Scottish Budget: Austerity deferred, but not by much and not for long
By Ray Perman, Director
You wonder why they continue to try to get away with it? Any UK Chancellor of the Exchequer delivering his budget speech should know that sleight of hand will be spotted by the Institute of Fiscal Studies before he sits down – and in Scotland we now have an equally vigilant watchdog.
The Fraser of Allander Institute, after a fallow period following the retirement of Professor Brian Ashcroft, has been reinvigorated by the University of Strathclyde. Graeme Roy, previously deputy chief economic adviser to the Scottish Government, has been brought in as director – a gamekeeper turned poacher – and the relentlessly incisive David Eiser has been recruited from Stirling.
Their analysis of the Scottish budget, the first to be delivered by Derek MacKay since he became Finance Secretary last May, exposed a pretty shallow piece of semantics to try to turn a cut in local government funding into an increase in local government services. The forensic dissection of the figures exposed not only how the trick was done, but an element of double counting too – the same £107 million being used to claim a boost to spending on local government services and to the health service.
However, this did not stop Mr MacKay in his interview with Andrew Neil trying to claim that Fraser of Allander supported his interpretation. Clearly either he had not read the Fraser report or he was gambling that Andrew Neil hadn’t read it. Maybe both were true.
Silly tricks aside, what should we make of the budget? Judged as a whole it is extraordinarily cautious. Given the SNP rhetoric on Tory inequality and austerity – and the fact that the Scottish Government does not have to face re-election for another four years – it is surprising that with their first opportunity to make meaningful changes, there are only a few timid tax measures.
On income tax, from next April Scottish taxpayers will start paying the 40% rate slightly sooner than those in England. The top three council tax bands are to be increased, meaning that those living in larger houses will pay more. And there is a cut to non-domestic rates, which will help businesses. Added together the two tax increases will raise around £200 million, while the cut in business rates will take away half of this. Hardly significant in a total budget approaching £30 billion.
The caution may be the consequence of the Scottish Government badly over estimating the yield from property sales taxes. The forecast that £1.8 billion would be generated by increases in Land & Buildings Transaction Tax has had to be cut by around £750 million. Some of the difference can be explained by the Aberdeen housing market, which virtually ground to a halt following the collapse in oil prices, but there is also a suggestion that the increased tax is persuading some people either not to move at all, or to buy cheaper properties.
For higher rate taxpayers the two budget tax rises will mean around £600 extra in central and local tax per year. No-one likes paying more, but if you are already paying upwards of £10,000 a year, it is hardly likely to make you move to England.
What the budget does do is continue the Scottish Government’s centralisation policy.

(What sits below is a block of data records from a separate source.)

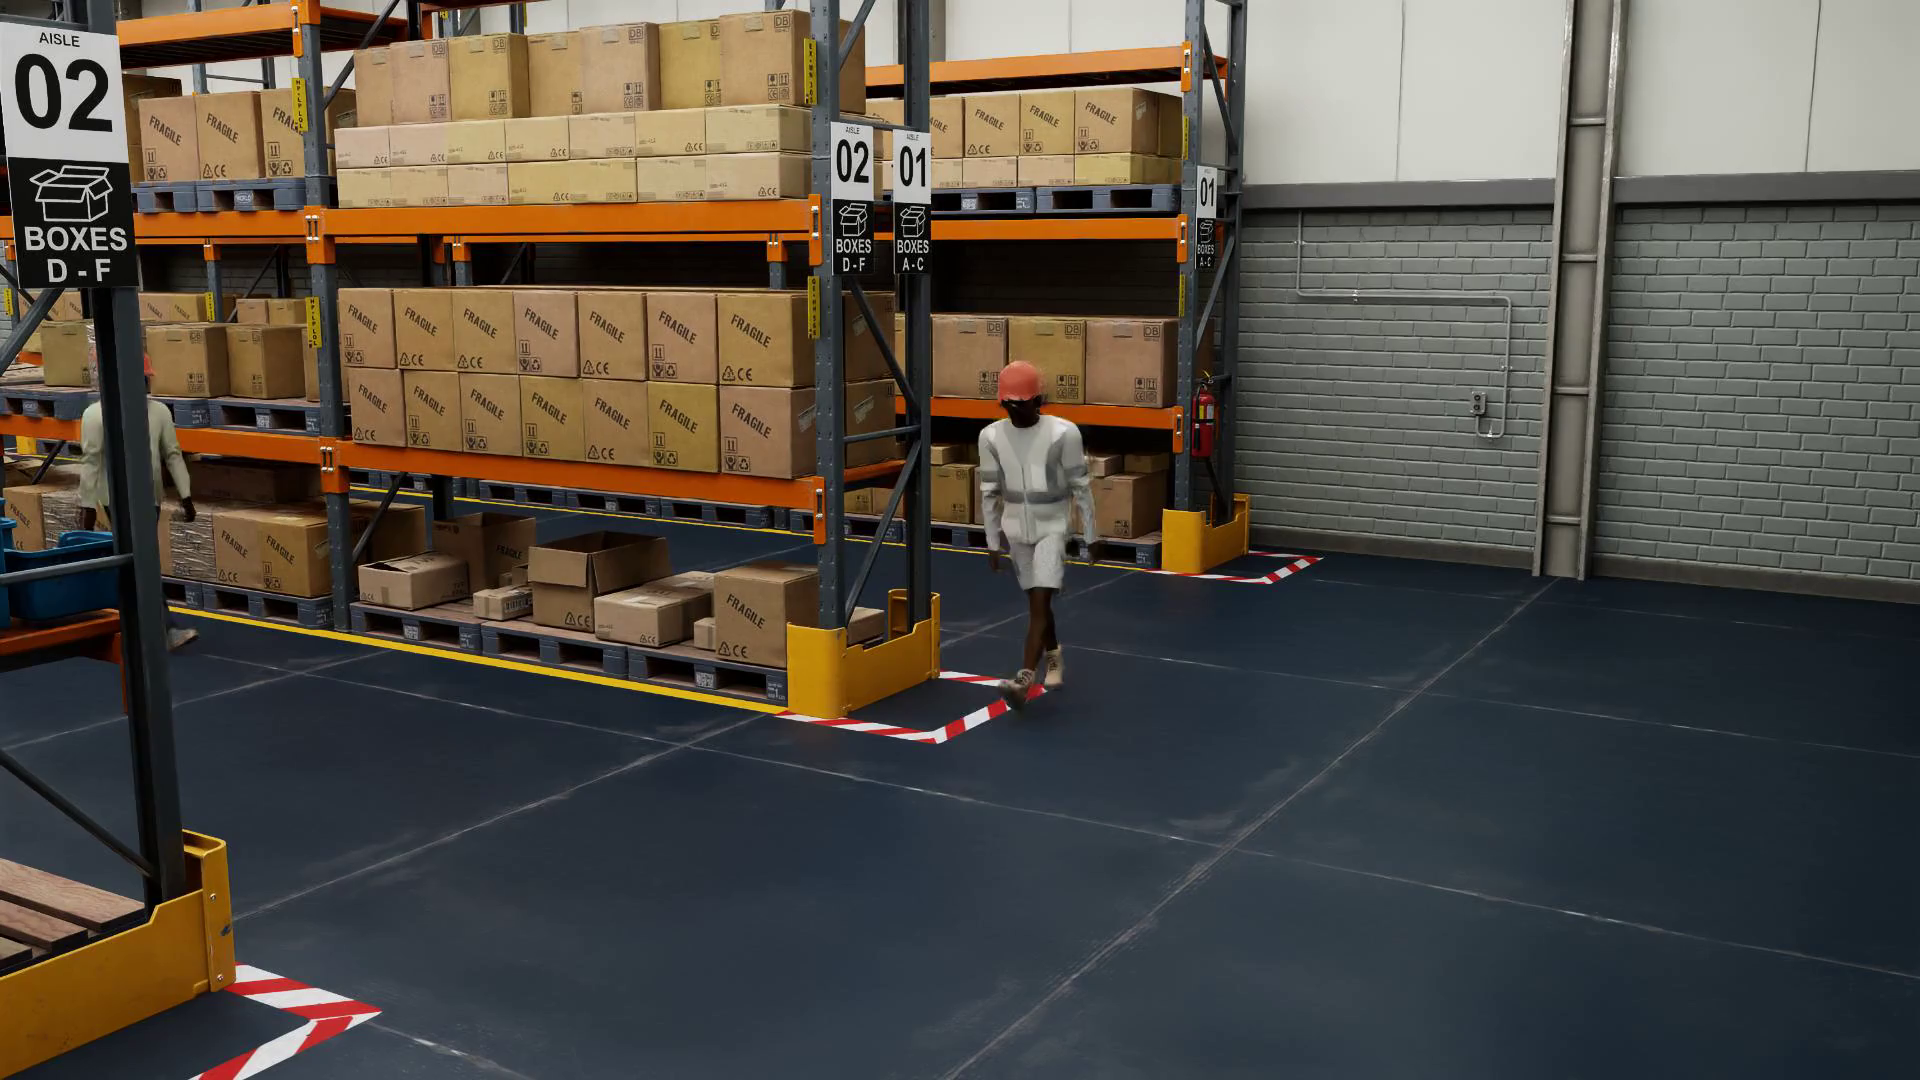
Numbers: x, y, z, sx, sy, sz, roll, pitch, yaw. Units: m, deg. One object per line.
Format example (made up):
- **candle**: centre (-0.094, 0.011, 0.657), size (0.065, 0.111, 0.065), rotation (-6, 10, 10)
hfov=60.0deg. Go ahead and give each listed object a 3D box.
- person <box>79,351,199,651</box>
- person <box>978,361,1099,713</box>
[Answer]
- **person**: centre (-5.199, -0.257, 10.685), size (0.962, 1.951, 0.652), rotation (4, 11, 24)
- **person**: centre (0.409, -0.031, 9.373), size (0.652, 1.950, 1.110), rotation (4, 11, 24)
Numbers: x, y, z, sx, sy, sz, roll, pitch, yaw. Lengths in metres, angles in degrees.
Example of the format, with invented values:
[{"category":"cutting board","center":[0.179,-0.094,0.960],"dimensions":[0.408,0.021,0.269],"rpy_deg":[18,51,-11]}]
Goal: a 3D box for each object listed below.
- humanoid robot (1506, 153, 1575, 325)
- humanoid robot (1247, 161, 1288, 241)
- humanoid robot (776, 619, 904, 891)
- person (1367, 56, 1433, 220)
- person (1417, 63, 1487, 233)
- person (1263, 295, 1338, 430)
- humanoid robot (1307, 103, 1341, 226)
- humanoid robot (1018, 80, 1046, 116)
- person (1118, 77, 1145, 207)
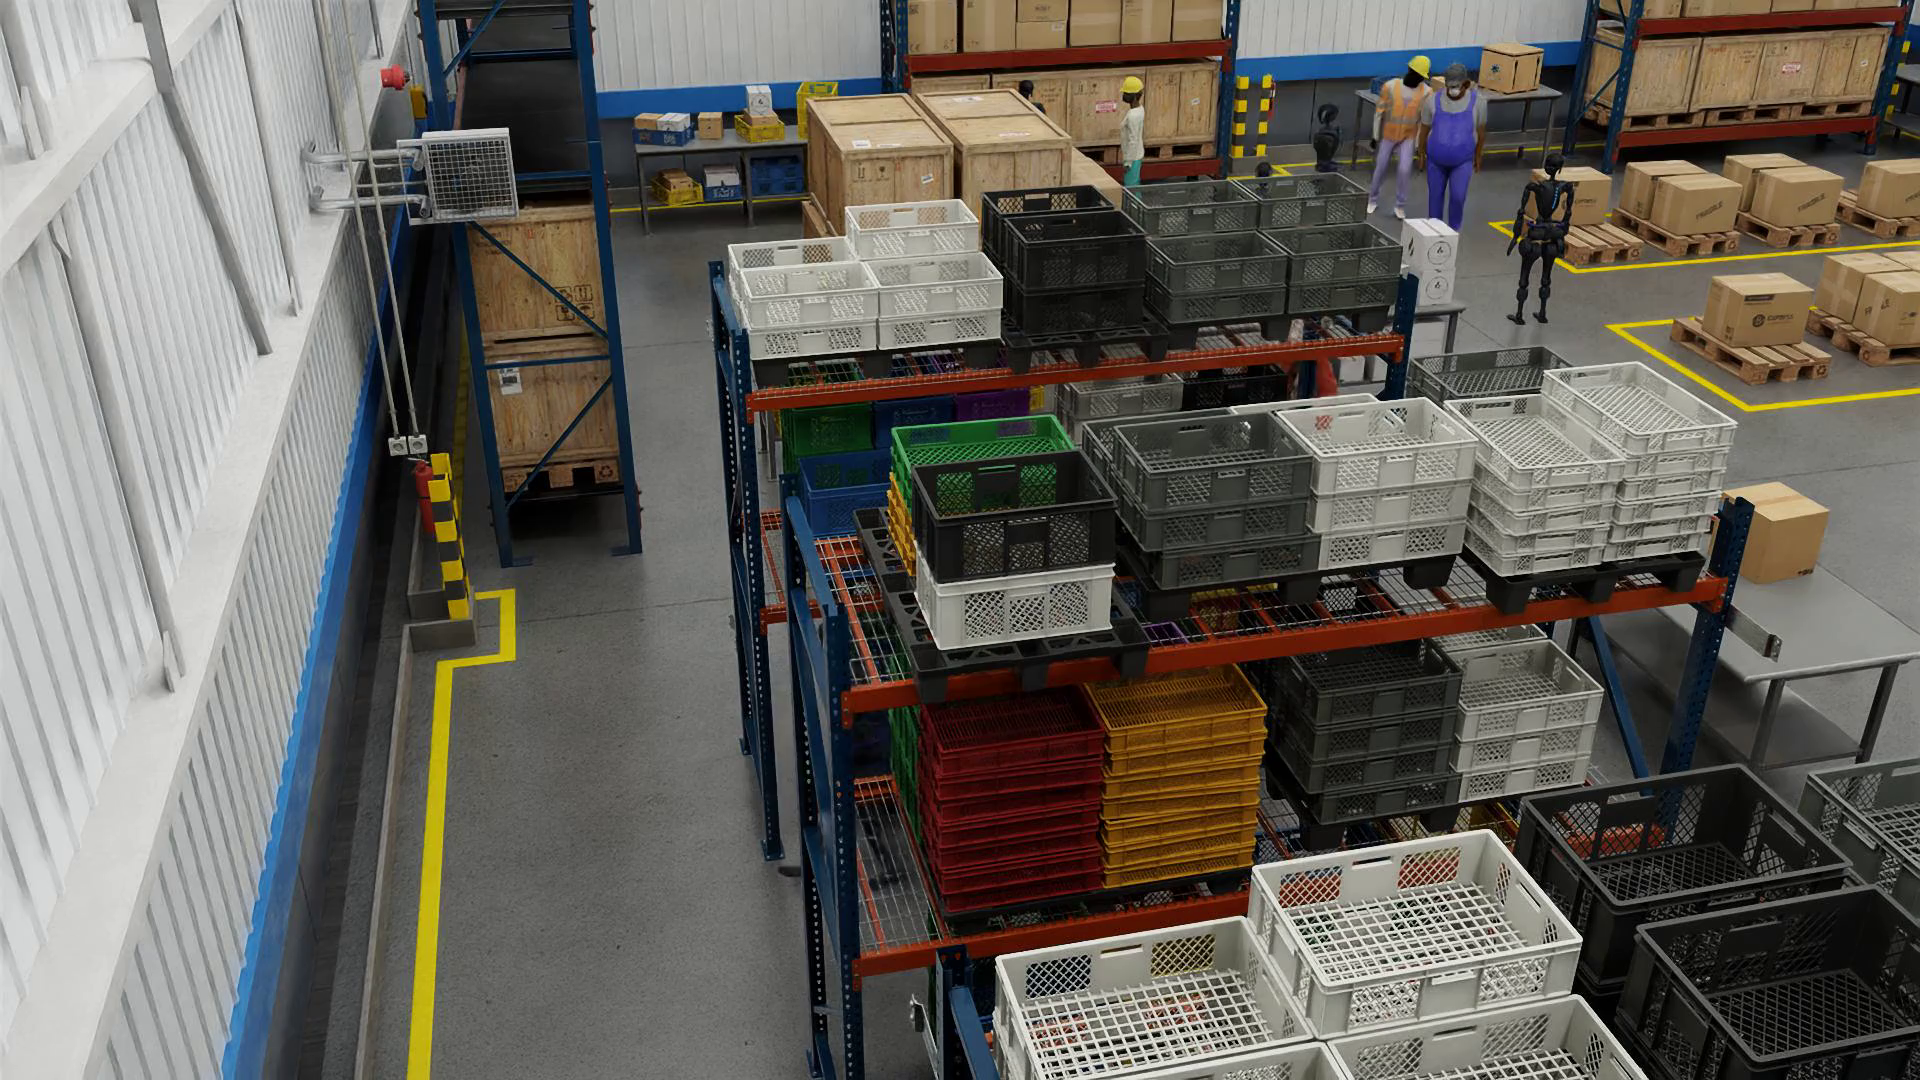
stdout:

The squeeze on local government has been going on for at least eight years, forcing many councils to make deep and unpopular cuts in services and to increase borrowing. They have been forced by the Government to freeze council tax rates and some of the money they have been given has come with strict guidelines on how it is to be spent – on teacher numbers for example.
Next year they are to be allowed to raise council tax rates by up to 3%, but for most this will be insufficient to offset the reduction in their direct funding from central government and restore the cuts they have already made.
Local accountability has been reduced. Central direction has been increased.
The other organisations to suffer repeated lower funding are the enterprise agencies – particularly Scottish Enterprise. Instead the government has been introducing new programmes, such as the Scottish Growth Scheme (advertised as worth £500 million over three years, but in fact loan guarantees, so dependent on demand), extra spending on housing, infrastructure and on broadband. These are all central government initiatives.
These downgrades combined with the review of the enterprise agencies and the announcements that their individual boards are to be replaced by one central oversight body, makes you wonder how much longer they can stay at arm’s length from ministerial control.
The new economic initiatives are all welcome, but are unlikely to make much impression on Scotland’s low productivity and lack of investment. Yet the weak economy remains the Scottish Government’s biggest problem. Growth lags that of the rest of the UK and, as again Fraser of Allander points out, under the Smith Commission changes, lower growth means lower public spending. Home grown austerity may not be far off.